Goel Akansha, Joshi Eeshan, Kwee-Bintoro Ted, Gopal Kamakshi V, Chesky Kris, Champlin Sara, Albert Mark V
Department of Computer Science and Engineering, Biomedical Engineering, University of North Texas, Denton, Texas.
Department of Audiology and Speech-Language Pathology, University of North Texas, Denton, Texas.
J Am Acad Audiol. 2024 Oct;35(9-10):217-225. doi: 10.1055/s-0044-1791210. Epub 2024 Dec 19.
Music-induced hearing loss (MIHL) is a critical public health issue. During music instruction, students and teachers are at risk of developing hearing loss due to exposure to loud and unsafe sound levels that can exceed 100 dBA. Prevention of MIHL in music students must be a desired action of all music educators.
To promote deliberate changes in music instruction and encourage more moderate sound creation and exposure during music education, it is essential to equip the instructors with live dynamic tools to monitor the overall sound intensities during music instruction. Equally important data to convey to the instructors are information regarding the intensity and duration of sounds at specific frequency regions in the music they are generating. Unfortunately, there are no feasible techniques to track cumulative live music exposures at various frequencies nor are there any guidelines for safe music exposure.

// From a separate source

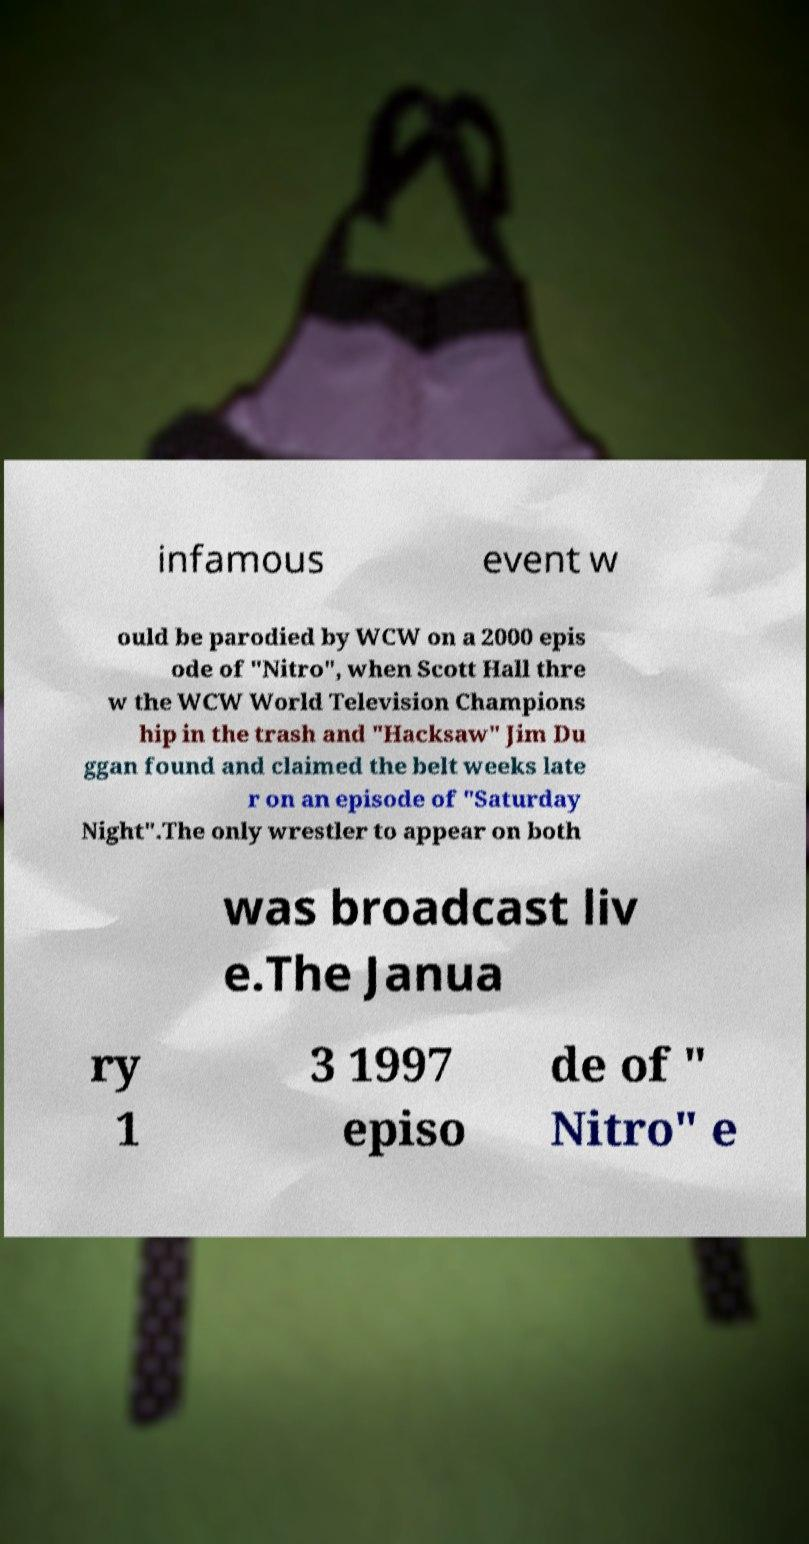What messages or text are displayed in this image? I need them in a readable, typed format. infamous event w ould be parodied by WCW on a 2000 epis ode of "Nitro", when Scott Hall thre w the WCW World Television Champions hip in the trash and "Hacksaw" Jim Du ggan found and claimed the belt weeks late r on an episode of "Saturday Night".The only wrestler to appear on both was broadcast liv e.The Janua ry 1 3 1997 episo de of " Nitro" e

We created a visually appealing, user-friendly dashboard prototype system to display the accumulated time and intensity of sound exposure during live classes/rehearsals categorized into three frequency ranges. These visuals can be easily understood at a glance allowing musicians and instructors to make informed decisions about how to play music safely.

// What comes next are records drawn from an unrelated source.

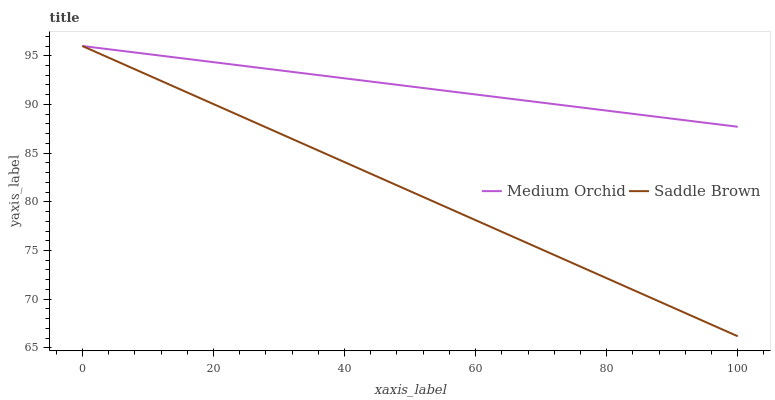Does Saddle Brown have the minimum area under the curve?
Answer yes or no. Yes. Does Medium Orchid have the maximum area under the curve?
Answer yes or no. Yes. Does Saddle Brown have the maximum area under the curve?
Answer yes or no. No. Is Medium Orchid the smoothest?
Answer yes or no. Yes. Is Saddle Brown the roughest?
Answer yes or no. Yes. Is Saddle Brown the smoothest?
Answer yes or no. No. Does Saddle Brown have the lowest value?
Answer yes or no. Yes. Does Saddle Brown have the highest value?
Answer yes or no. Yes. Does Saddle Brown intersect Medium Orchid?
Answer yes or no. Yes. Is Saddle Brown less than Medium Orchid?
Answer yes or no. No. Is Saddle Brown greater than Medium Orchid?
Answer yes or no. No.

The dashboard included a collection of circular dial graphs that displayed in real time the accumulated sound exposure in the instructor's selected frequency range and showed the percentage of the maximum daily sound exposure based on the National Institute for Occupational Safety and Health Standards (NIOSH, 1998). Although NIOSH standards are not widely applied for music exposure, we propose that these standards can be used to provide initial guidelines to develop critical levels of music exposure. Additionally, the dashboard included a color-coded equalizer that displayed the instantaneous frequency distribution of sounds to indicate if sound levels at specific frequencies were too high even for short-term exposure.
Less expensive than existing technology and more convenient to use, this dashboard will enable music instructors to make informed decisions on how to best adapt their teaching approaches to protect the hearing health of their students.

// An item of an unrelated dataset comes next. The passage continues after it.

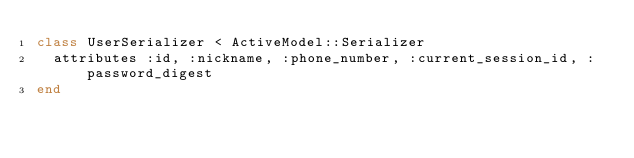Convert code to text. <code><loc_0><loc_0><loc_500><loc_500><_Ruby_>class UserSerializer < ActiveModel::Serializer
  attributes :id, :nickname, :phone_number, :current_session_id, :password_digest
end
</code>

音乐性听力损失(MIHL)是一个关键的公共卫生问题。在音乐教学过程中,学生和教师由于暴露于超过100分贝A的响亮且不安全的声音水平而有患听力损失的风险。预防音乐专业学生的音乐性听力损失必须是所有音乐教育工作者期望采取的行动。
为了促进音乐教学中的有意改变,并鼓励在音乐教育过程中进行更适度的声音创作和接触,至关重要的是为教师配备实时动态工具,以监测音乐教学过程中的总体声音强度。同样重要的是要向教师传达有关他们所创作音乐中特定频率区域声音的强度和持续时间的信息。不幸的是,目前没有可行的技术来跟踪不同频率下累积的现场音乐接触情况,也没有安全音乐接触的指导方针。
我们创建了一个视觉上吸引人、用户友好的仪表板原型系统,以显示现场课程/排练期间分为三个频率范围的声音接触累积时间和强度。这些可视化内容一目了然,便于音乐家和教师就如何安全地演奏音乐做出明智的决定。
该仪表板包括一组圆形刻度盘图表,实时显示教师所选频率范围内的累积声音接触情况,并根据美国国家职业安全与健康研究所标准(NIOSH,1998)显示每日最大声音接触的百分比。尽管NIOSH标准并未广泛应用于音乐接触,但我们建议这些标准可用于提供初步指导方针,以制定关键的音乐接触水平。此外,仪表板还包括一个彩色编码的均衡器,显示声音的瞬时频率分布,以表明即使是短期接触,特定频率的声音水平是否过高。
该仪表板比现有技术成本更低且使用更方便,将使音乐教师能够就是否以及如何最好地调整教学方法以保护学生的听力健康做出明智的决定。